(DATASET RECORDS Opens)

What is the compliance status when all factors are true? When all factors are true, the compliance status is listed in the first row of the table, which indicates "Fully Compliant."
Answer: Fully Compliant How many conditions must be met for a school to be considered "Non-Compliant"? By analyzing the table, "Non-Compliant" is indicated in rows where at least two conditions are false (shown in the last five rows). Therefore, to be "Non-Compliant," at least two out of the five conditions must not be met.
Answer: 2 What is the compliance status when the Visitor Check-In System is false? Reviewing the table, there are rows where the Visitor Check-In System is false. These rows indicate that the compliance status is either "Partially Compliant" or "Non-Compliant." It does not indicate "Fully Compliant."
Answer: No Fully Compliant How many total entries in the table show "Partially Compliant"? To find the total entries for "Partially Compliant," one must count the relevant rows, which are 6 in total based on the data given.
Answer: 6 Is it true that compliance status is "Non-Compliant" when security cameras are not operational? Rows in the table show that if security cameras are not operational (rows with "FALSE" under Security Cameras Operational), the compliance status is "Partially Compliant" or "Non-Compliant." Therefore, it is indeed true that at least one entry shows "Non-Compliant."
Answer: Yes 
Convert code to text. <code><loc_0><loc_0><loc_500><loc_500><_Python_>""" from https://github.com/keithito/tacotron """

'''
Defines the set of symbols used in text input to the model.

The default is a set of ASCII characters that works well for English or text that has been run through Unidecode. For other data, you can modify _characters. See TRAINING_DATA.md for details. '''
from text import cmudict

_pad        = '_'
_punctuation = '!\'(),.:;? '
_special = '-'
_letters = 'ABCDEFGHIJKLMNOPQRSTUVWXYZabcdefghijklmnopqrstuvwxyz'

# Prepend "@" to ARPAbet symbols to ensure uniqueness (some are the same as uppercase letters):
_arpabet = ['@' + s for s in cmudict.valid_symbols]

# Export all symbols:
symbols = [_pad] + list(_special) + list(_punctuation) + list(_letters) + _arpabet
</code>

(DATASET RECORDS Closes)
(DATASET RECORDS Opens)

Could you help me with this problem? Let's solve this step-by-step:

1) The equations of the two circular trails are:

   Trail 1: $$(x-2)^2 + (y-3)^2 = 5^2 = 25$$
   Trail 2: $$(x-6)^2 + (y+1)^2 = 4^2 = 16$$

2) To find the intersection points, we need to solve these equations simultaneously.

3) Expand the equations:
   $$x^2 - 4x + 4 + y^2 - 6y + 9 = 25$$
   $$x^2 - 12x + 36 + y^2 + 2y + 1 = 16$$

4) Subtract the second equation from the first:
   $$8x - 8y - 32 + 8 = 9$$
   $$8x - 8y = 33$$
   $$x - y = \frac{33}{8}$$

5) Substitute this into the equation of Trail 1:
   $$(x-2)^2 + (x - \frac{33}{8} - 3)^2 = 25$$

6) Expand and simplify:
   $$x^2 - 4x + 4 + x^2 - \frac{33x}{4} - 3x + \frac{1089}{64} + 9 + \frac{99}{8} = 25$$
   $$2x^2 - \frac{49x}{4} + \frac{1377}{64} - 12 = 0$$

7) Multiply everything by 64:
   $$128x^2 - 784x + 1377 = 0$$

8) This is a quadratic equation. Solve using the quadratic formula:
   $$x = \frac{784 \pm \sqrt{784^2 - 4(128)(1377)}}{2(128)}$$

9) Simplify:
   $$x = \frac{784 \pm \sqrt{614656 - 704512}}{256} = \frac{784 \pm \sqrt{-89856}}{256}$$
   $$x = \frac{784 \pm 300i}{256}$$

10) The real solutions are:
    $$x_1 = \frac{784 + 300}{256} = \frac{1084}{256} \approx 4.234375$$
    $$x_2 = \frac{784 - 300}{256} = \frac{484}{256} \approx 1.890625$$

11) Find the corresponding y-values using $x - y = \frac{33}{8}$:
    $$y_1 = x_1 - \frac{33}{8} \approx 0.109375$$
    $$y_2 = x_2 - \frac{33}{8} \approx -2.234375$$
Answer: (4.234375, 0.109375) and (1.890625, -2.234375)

(DATASET RECORDS Closes)

- TASK ITEM: Please copy each line of the records above in which the word "Expand" can be found.

- TASK RESPONSE:
3) Expand the equations:
6) Expand and simplify:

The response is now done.